● WHAT THE EXERCISE ASKS
Search the listing for the string "each" and copy every line that contains it.

● DATA UNDER STUDY
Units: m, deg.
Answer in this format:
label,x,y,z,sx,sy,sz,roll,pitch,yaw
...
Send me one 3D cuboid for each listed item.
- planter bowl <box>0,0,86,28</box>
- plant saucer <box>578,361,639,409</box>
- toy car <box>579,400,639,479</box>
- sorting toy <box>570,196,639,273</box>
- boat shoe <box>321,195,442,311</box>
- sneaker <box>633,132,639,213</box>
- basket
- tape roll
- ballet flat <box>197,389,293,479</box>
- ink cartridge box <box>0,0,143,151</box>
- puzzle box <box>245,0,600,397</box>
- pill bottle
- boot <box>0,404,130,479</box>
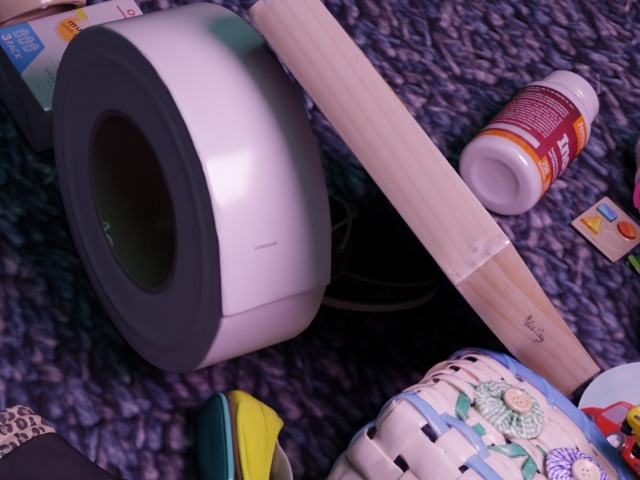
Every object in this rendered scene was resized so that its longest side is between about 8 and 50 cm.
--
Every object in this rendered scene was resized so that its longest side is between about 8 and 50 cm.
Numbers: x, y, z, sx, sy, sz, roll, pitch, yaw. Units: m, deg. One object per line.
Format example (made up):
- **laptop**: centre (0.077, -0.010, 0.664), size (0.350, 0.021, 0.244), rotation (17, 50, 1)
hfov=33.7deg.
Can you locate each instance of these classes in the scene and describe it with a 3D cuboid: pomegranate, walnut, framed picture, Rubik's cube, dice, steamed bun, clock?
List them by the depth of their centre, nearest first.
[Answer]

● REPLY
Send me one 3D cuboid for each listed item.
Can you locate each instance of these classes in the scene and describe it with a 3D cuboid: pomegranate, walnut, framed picture, Rubik's cube, dice, steamed bun, clock?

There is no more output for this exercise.